This last weekend should have been full of anticipation and joy - the high spot in the Christian Calender - instead I felt like I'd been hit across the face with a damp kipper (not my favourite fish at the best of times).
My CPN and I had talked about my faith during our last session and I felt at the time that my confessional position hadn't changed much as a result of the illness. He reminded me it was a common symptom for people of faith to feel that they have lost or are loosing their faith during the tougher periods of ill health.
I reflected quite deeply in the moment as we talked - but as I said the words that I had always been a liberal and so therefore doubt and disbelief are, by their nature, a sign of a healthy respect for not having a full-proof religious 'system' - I could sense something wasn't sitting quite comfortably in my solar plexus. Over recent days I have taken time when painting; relaxing; and over the last two days, becoming increasingly anxious and staying in bed, to think about what is going on for me.
I was badly 'caught' by Easter weekend. I had originally planned to keep Holy Week and attend worship at our Cathedral. I thought a week of being ministered to and enjoying thought-provoking worship would bed me down once more in my vocational service. Like the people invited to the banquet in the Gospel, each evening I had an excuse - somthing good on TV; wanting to continue to paint; feeling tired; the weather.
I have spent the last three days trying to work out why I am 'avoiding' the confessional elements of Christianity just now. At a deep level I am wrestling with a sense of shame; shame that I have a different 'take' on faith; shame that I cannot simply play the game - and not utilise my intellectual and intuitive capabilities; shame that I am not fulfilling my vows at ordination.
At another level I feel, like many liberal Christians, we are moving through a time of Reformation as a Church which will be seen in the future as significant and far-reaching. My transforming thoughts and personal concerns are part of a wider agonising about what the Church's identity is in the 21st century. I cannot name any unasailable truths - just cosmic work in progress. For now I am aware much more of the random, indiscriminate nature of life and death than I am of the divine hand intervening in my personal affairs.
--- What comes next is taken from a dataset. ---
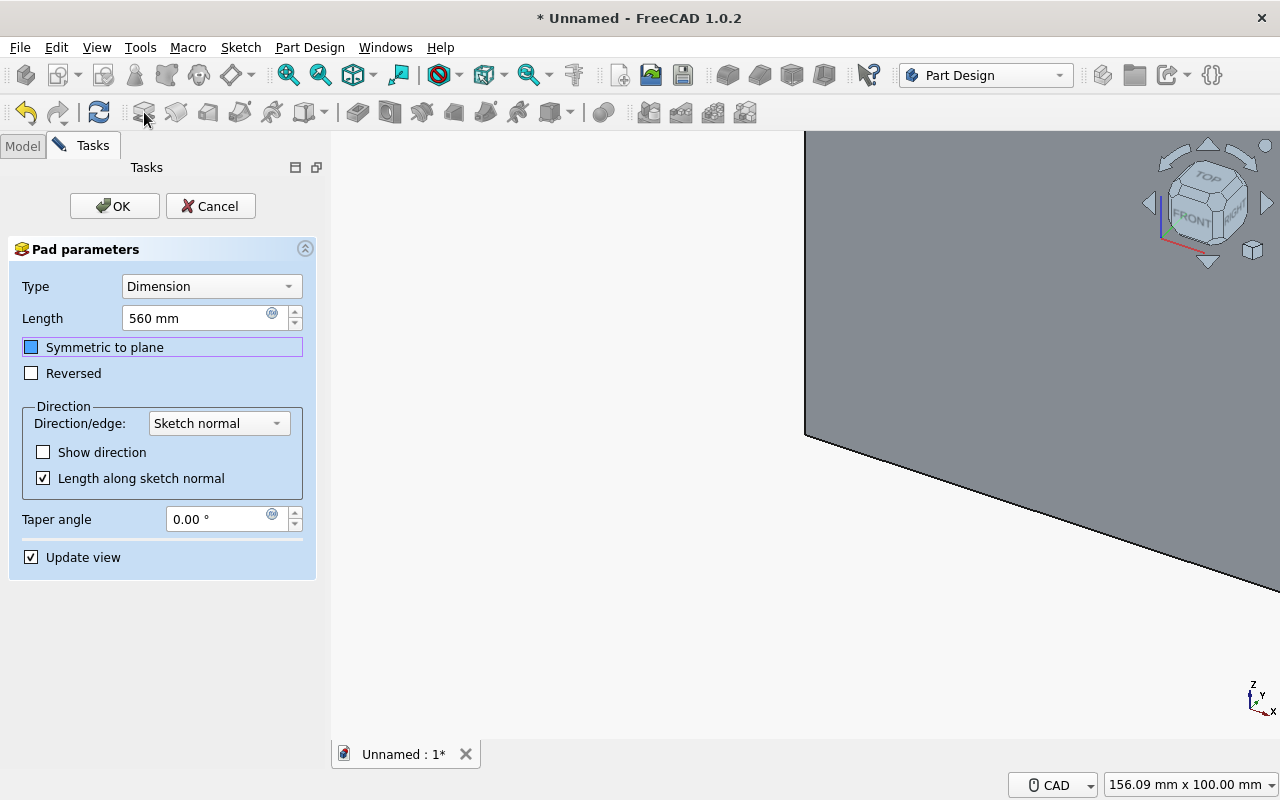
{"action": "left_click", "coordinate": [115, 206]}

I am a 'critical friend' to the institution that I have served since I was nineteen.
At the moment I am at a loss to see how I will continue to be a part of of the Church as a priest - and yet I have taken my ordination vows and I still take them very seriously. I am called to practice humility, mercy and compassion - but for now, I inhabit a place of desolation in terms of faith. I sense that my compassion and caring 'tanks' are running on empty and that I cannot find a spiritual home within the conventions of Church which have often felt as though it is constraining rather than enabling me.
Yesterday I was so paralysed by my guilt I couldn't attend lunch with friends. I am a priest who stands looking in. Like the child on the boundary of the playground. Sadly just now I am not sure that I can go back to playing the Church's equivlent of 'tag' - or to put it another way - 'stay on the Church's dominant message' and not disturb or encourage all people to think and develop a mature informed religious understanding.
Kim McMillen:
When I loved myself enough I lost my fear of speaking my truth for I have come to see how good it is.
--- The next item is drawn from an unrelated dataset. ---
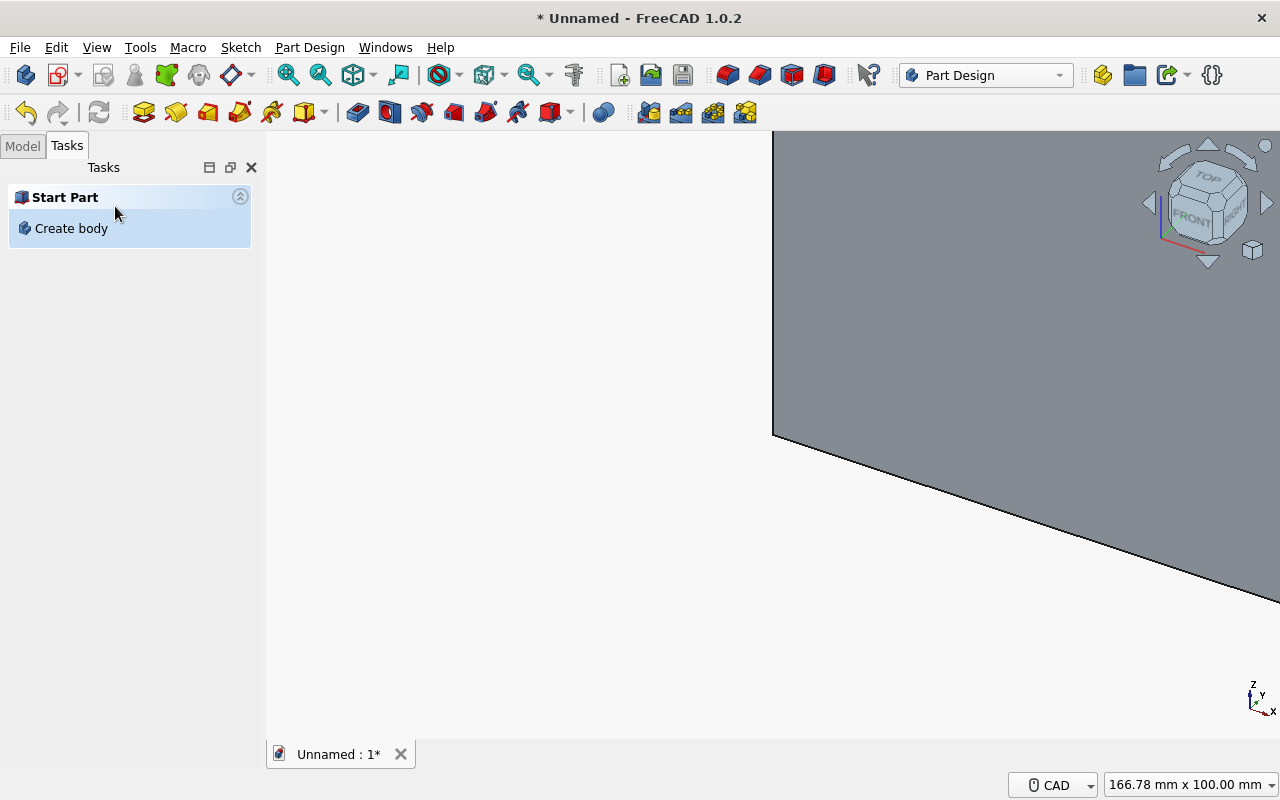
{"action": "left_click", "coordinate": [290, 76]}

Reflecting Theologically.... perhaps the very essence of the Christian faith is a "Broken Alleluia".
We have a phrase in the Godly Play Easter story....
One side of the picture card has an dark image of the suffering crucified Christ the other is of the Risen Christ being known in the breaking of bread...
The Godly Play text goes....
"You cannot have this side without this side.... and you cannot have this side without this side... and you cannot pull them apart.... that is the Mystery of Easter.
Desolation and the absence of faith seems very much part of the spiritual journey....John of the Cross et al...
You are very much held and loved Jane.